Comments from respondents who answered “Yes” included belief that reforms will keep costs down, ensure PBM transparency, increase the number of patients, increase the number of patients with insurance, increase business, increase incentives to perform MTM, increase affordability, increase work, result in better pricing, and eliminate Medicare’s accreditation requirement.

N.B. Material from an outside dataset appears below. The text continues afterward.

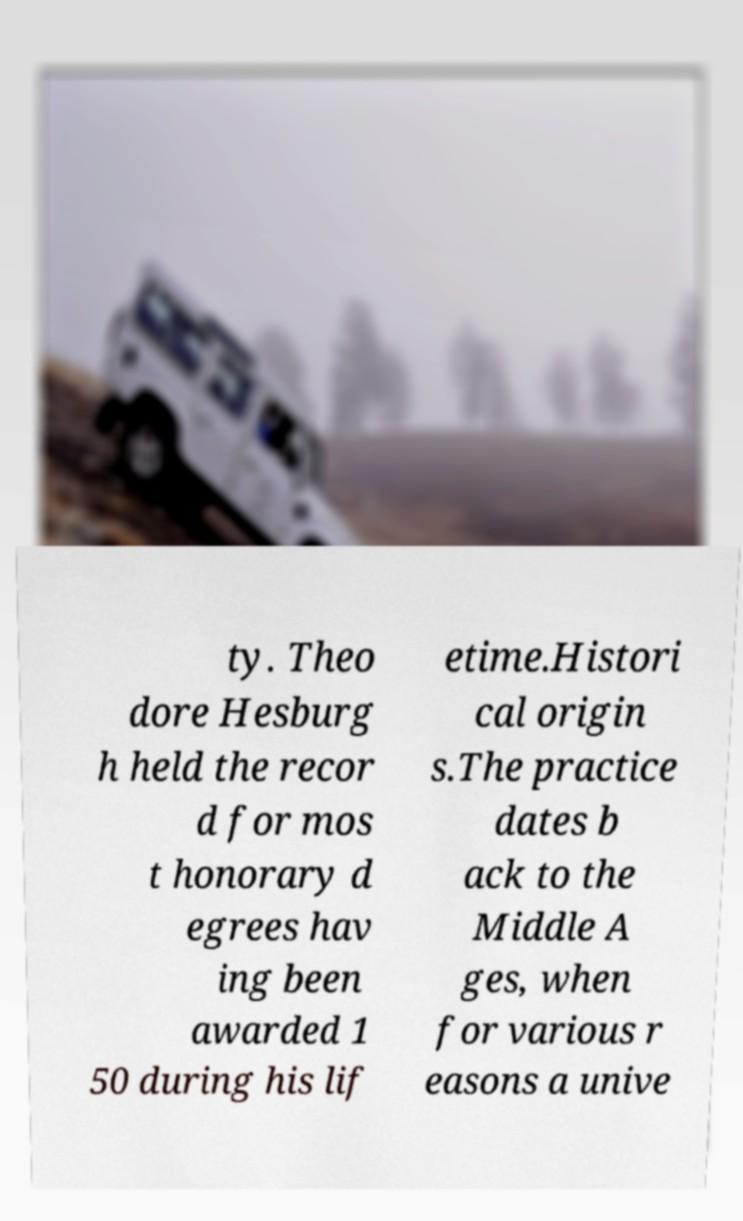Can you accurately transcribe the text from the provided image for me? ty. Theo dore Hesburg h held the recor d for mos t honorary d egrees hav ing been awarded 1 50 during his lif etime.Histori cal origin s.The practice dates b ack to the Middle A ges, when for various r easons a unive 
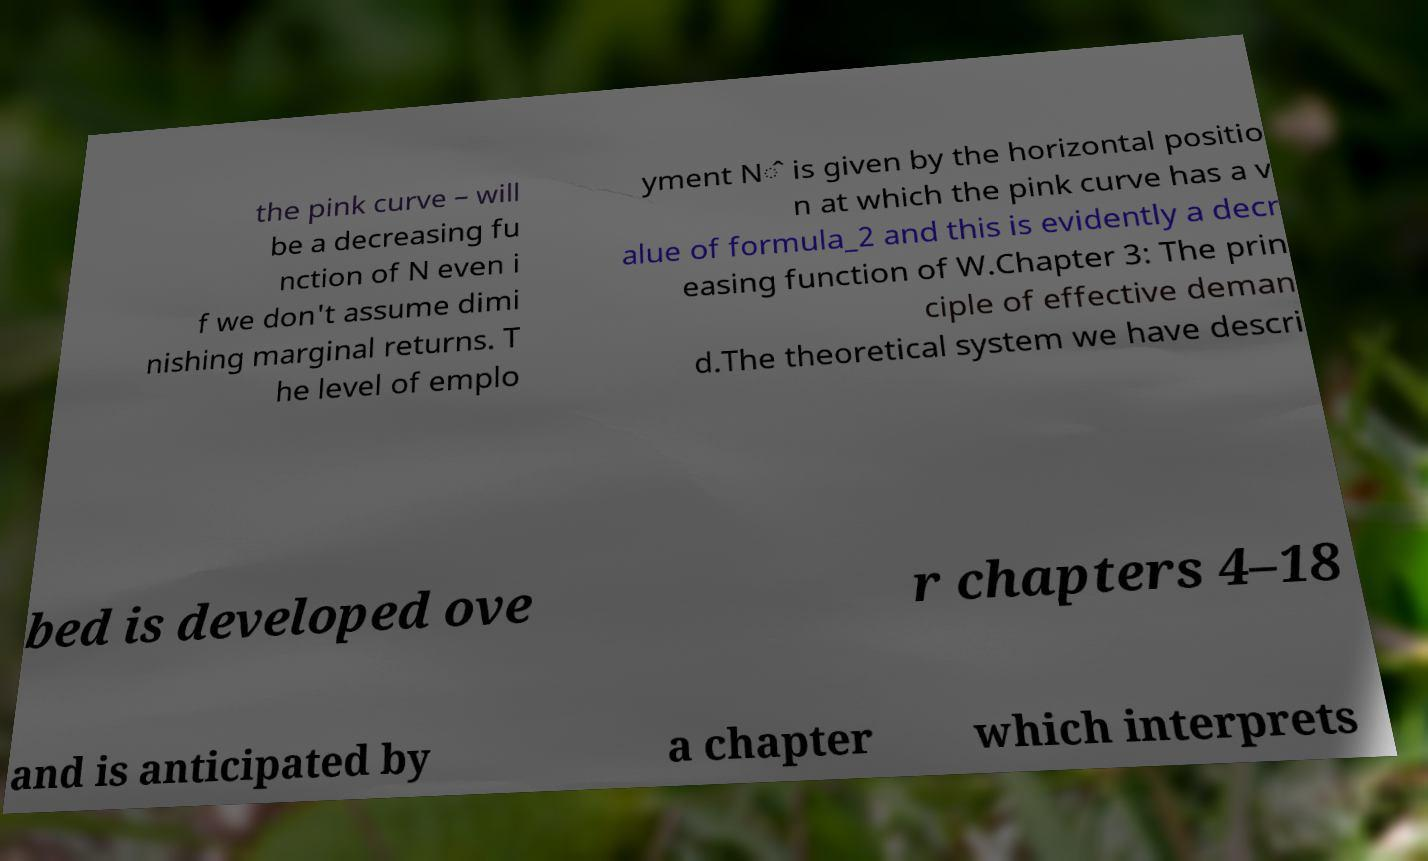For documentation purposes, I need the text within this image transcribed. Could you provide that? the pink curve – will be a decreasing fu nction of N even i f we don't assume dimi nishing marginal returns. T he level of emplo yment N̂ is given by the horizontal positio n at which the pink curve has a v alue of formula_2 and this is evidently a decr easing function of W.Chapter 3: The prin ciple of effective deman d.The theoretical system we have descri bed is developed ove r chapters 4–18 and is anticipated by a chapter which interprets

Respondents who answered “Yes” said:

• “Transparency of PBMs, drug manufacturers, insurance will lead to better pricing and practices. Demise of many insurers and controls on the rest will lead to better prices, practices, and overall benefit to finance.”

• “More people that currently could not afford healthcare and prescription coverage now will be able to.”

• “As pharmacy goes, there are some benefits like increased incentives to perform MTMs. Overall though, I worry what this reform will do for our future as Americans.”

• “People currently without coverage should be included, minimizing the number of people that cannot afford their prescriptions. The key issue is having adequate transparency to preclude a high percentage of Rx funds from being siphoned off by the PBMs.”